Non c’è da storcere il naso, perché questa, per studenti e medici, è una grandissima opportunità, che ha davvero poco di macabro.

“Imparare o simulare approcci chirurgici, che poi verranno eseguiti sui pazienti in sala, su cadaveri donati e preparati per l’esercitazione è un atto di grande responsabilità e una buona occasione per chi, diversamente, alle prime armi potrebbe fare esperienza solo su pazienti vivi!”, spiega Vittorio.

Il lavoro con il non vivente

“Già a 6 anni mi incuriosivano e affascinavano i vecchi palazzi un po’ decadenti. Un giorno, tornando dal parco con i miei fratelli e mia madre ho visto una finestra aperta che si affacciava su un lungo corridoio nel piano sotterraneo, e sbirciando ho visto accatastati per terra, in un cumulo disordinato, decine di crani e ossa varie.

Sono rimasto sorpreso e incuriosito e quella specie di attrazione mi ha poi guidato nel percorso di studi. Mai più avrei pensato che circa venti anni dopo sarei entrato in quel palazzo per fare la mia tesi e non ne sarei più uscito. Il mio percorso di studi in Scienze Naturali prevedeva una serie di materie a scelta, tra le quali c’era l’anatomia umana.

A fine corso, il professore mi propose una tesi sperimentale sul sistema endocrino di piccoli mammiferi e uccelli, che però prevedeva di sacrificare gli animali per ricavare i dati da utilizzare per la ricerca. Non me la sono sentita e così sono stato indirizzato a un professore che lavorava su animali già morti.

Ed è così che è iniziato il mio lavoro con il non vivente”. Per la tesi Vittorio ha studiato le ossa di animali rinvenuti in una grotta risalente al periodo Neolitico e dalla mattina alla sera passava il tempo a studiare, riconoscere e catalogare ossa. “Devo dire che sono stati tre mesi di studi e ricerche davvero entusiasmanti, divertenti e stimolanti, e mai ho avuto la sensazione di svolgere un lavoro macabro o splatter”. 
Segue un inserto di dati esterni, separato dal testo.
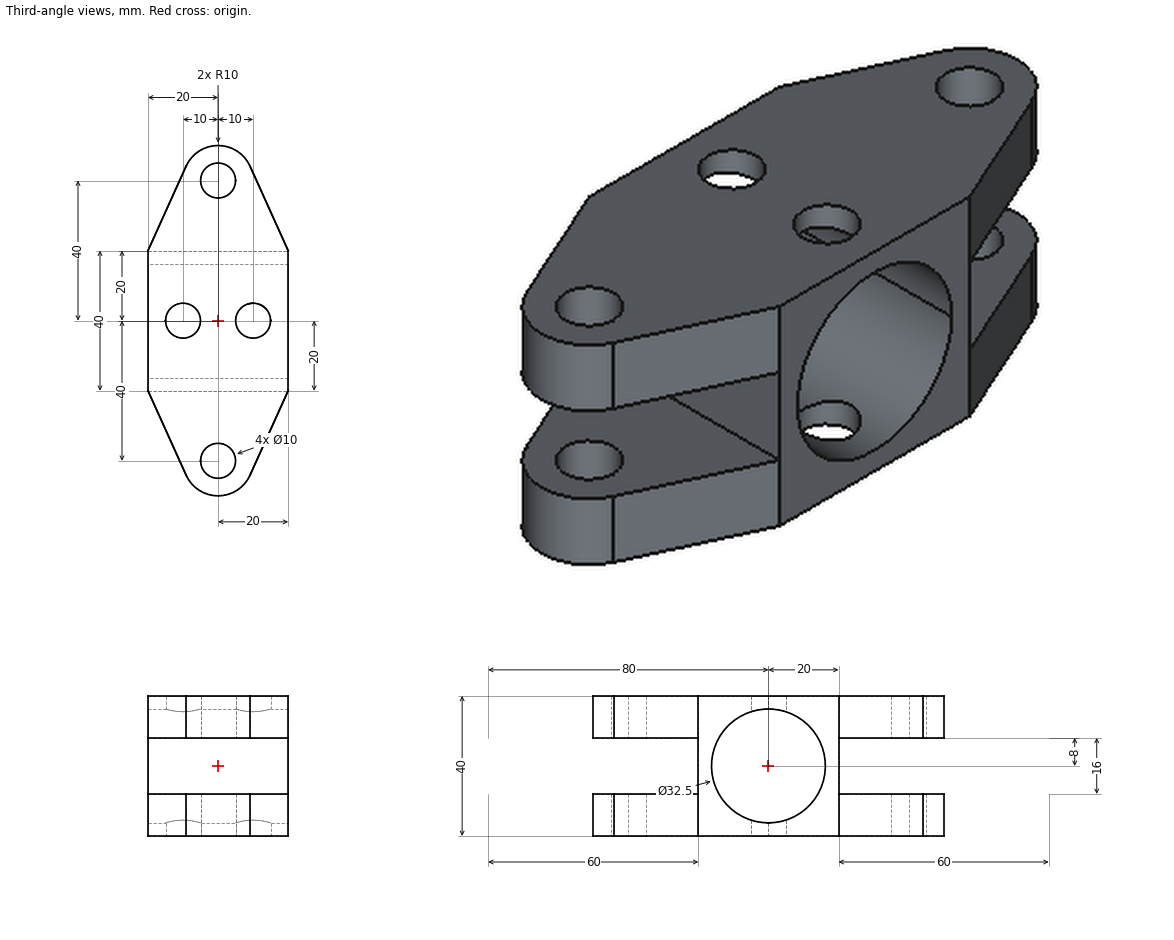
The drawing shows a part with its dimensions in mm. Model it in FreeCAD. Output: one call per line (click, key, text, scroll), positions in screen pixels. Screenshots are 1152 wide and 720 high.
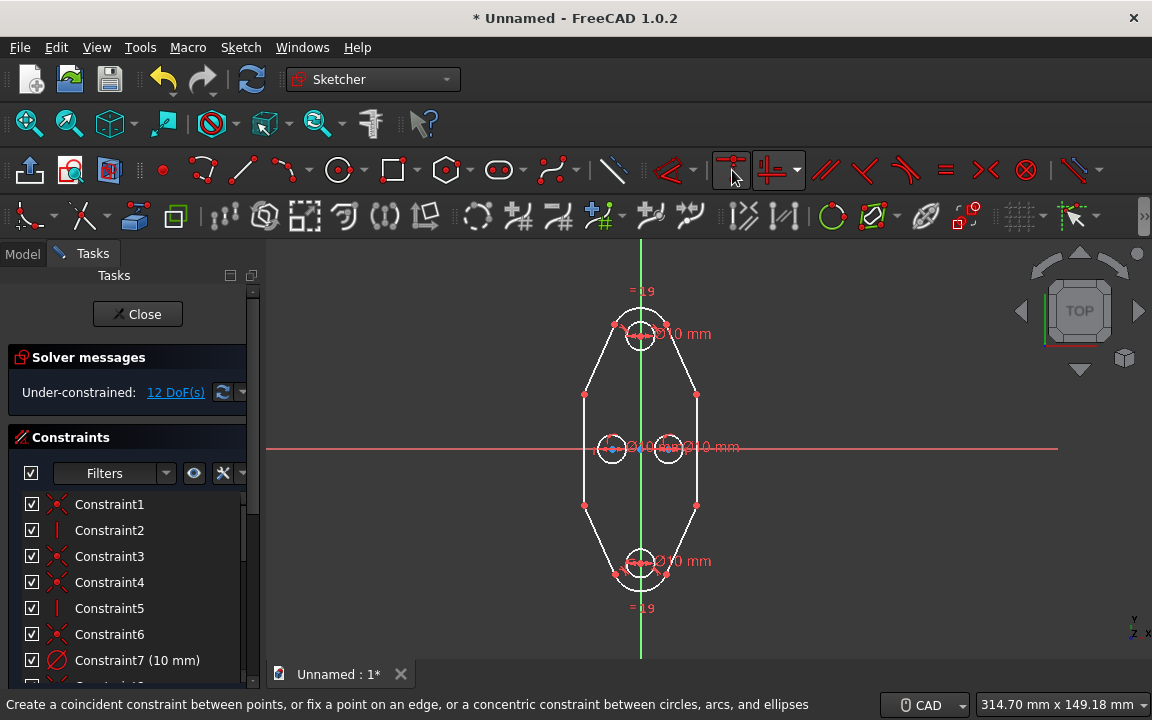
click(640, 336)

Al museo di Antropologia criminale

Il passaggio al lavoro coi cadaveri umani è stato del tutto naturale. “Nel primo periodo della mia assunzione all’Università degli studi di Torino ho lavorato al restauro di tutta la collezione craniologica del Museo Lombroso”.
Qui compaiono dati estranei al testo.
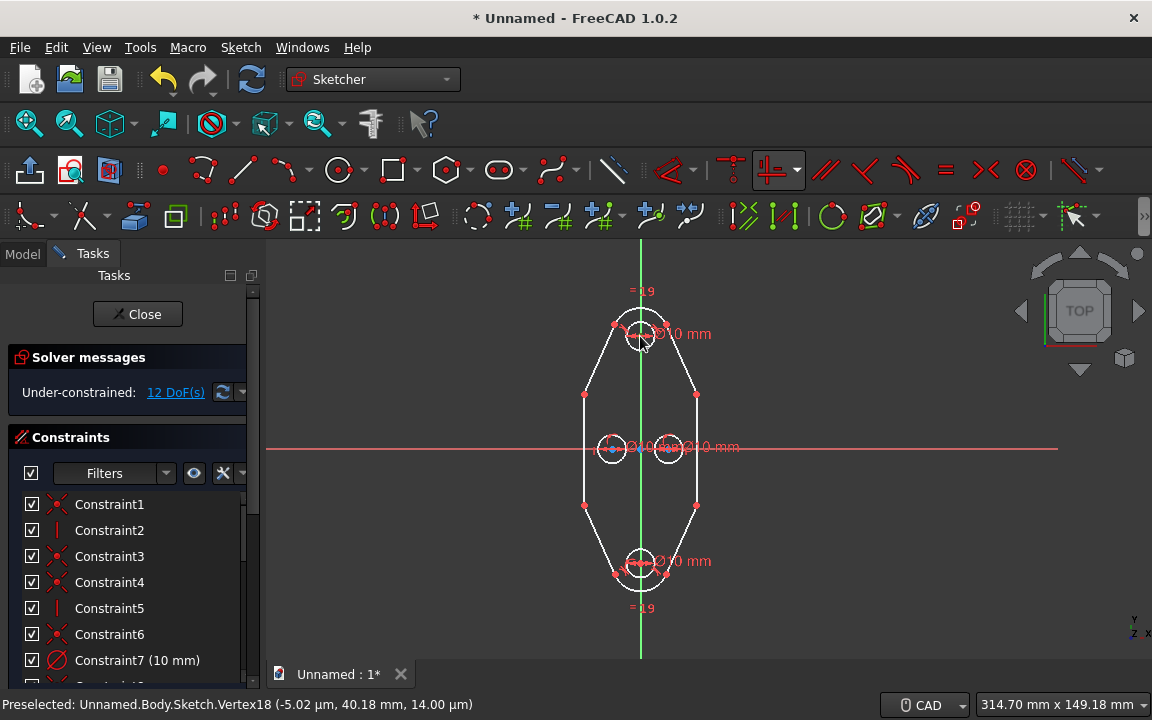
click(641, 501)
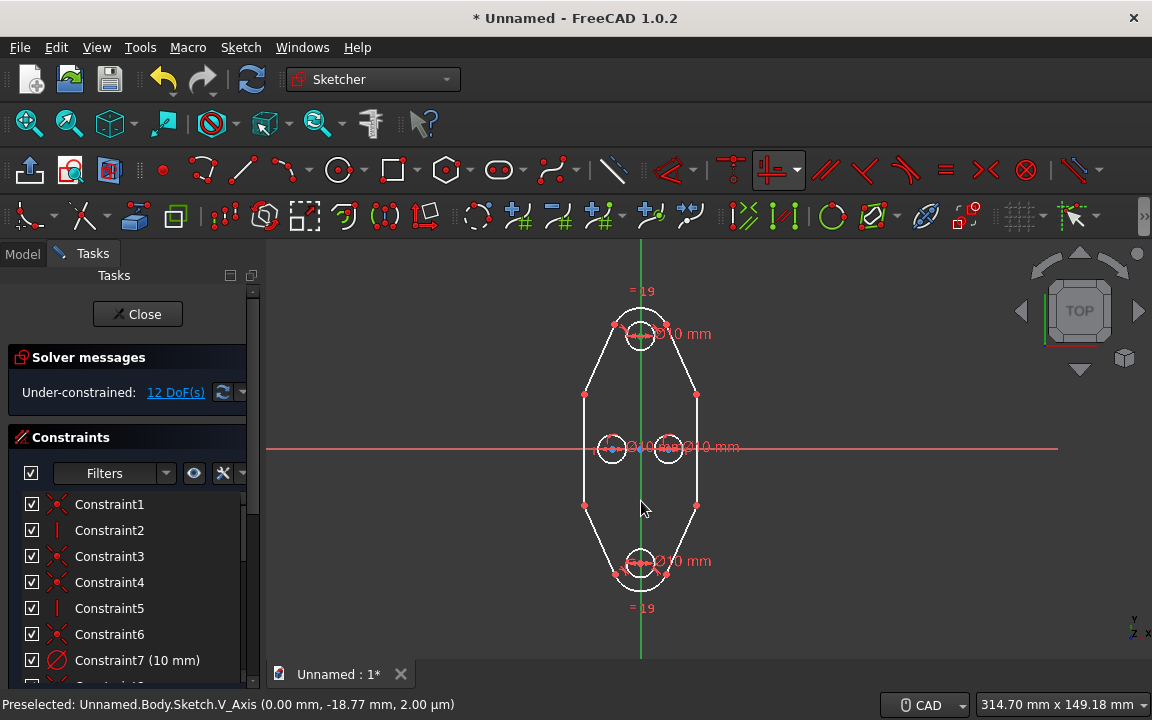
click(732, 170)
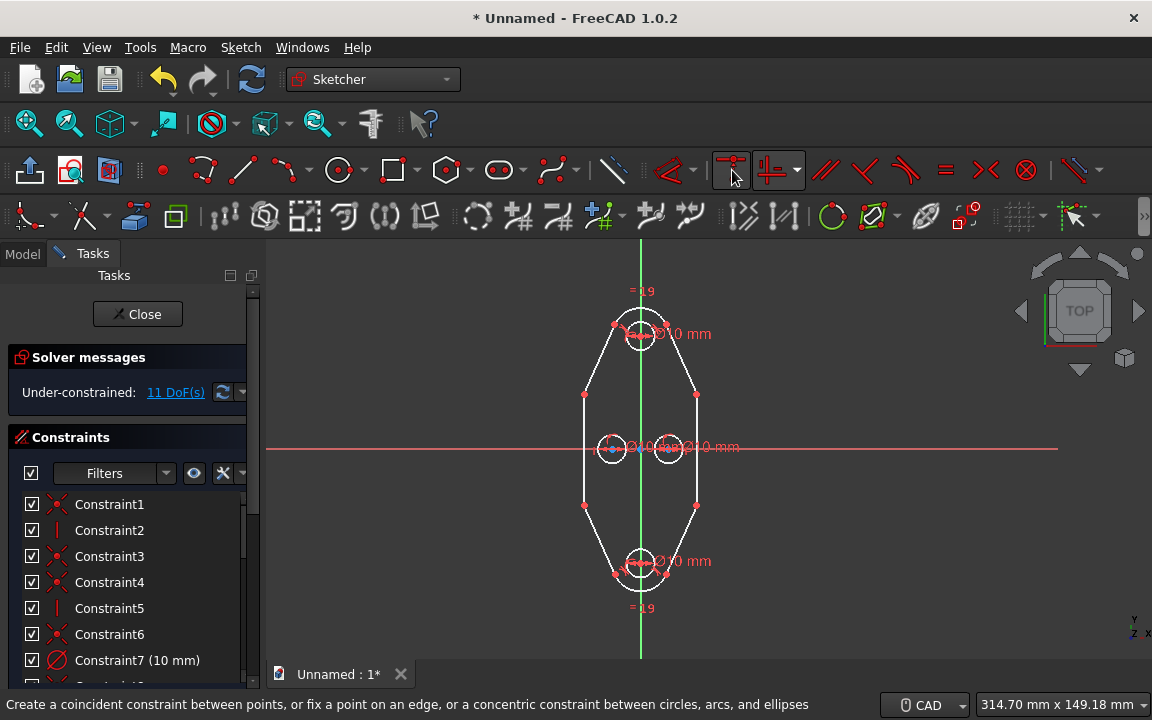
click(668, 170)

Il museo di Antropologia criminale di Torino espone le collezioni raccolte per gli studi dal medico antropologo Cesare Lombroso tra la seconda metà dell’Ottocento e i primi del Novecento, composte da preparati anatomici, disegni, fotografie, corpi di reato, produzioni artigianali e artistiche, realizzate da internati nei manicomi e nelle carceri.

Poi sono passato alla Sala Settoria, per preparare i cadaveri interi o parziali per lo studio. Ho trovato questo lavoro stimolante e coinvolgente, fin da subito. Se il lavoro didattico con le università è abbastanza comune, la formazione superiore con medici e chirurghi è un’eccellenza poco comune in Italia, mentre abbastanza consueta in Europa”.

viviamo così

Comunque, c’è bellezza

Sbagliamo se pensiamo ad un luogo di lavoro tetro e pauroso. La Sala Settoria si trova in un palazzo storico, con colonne, marmi e molto ordine.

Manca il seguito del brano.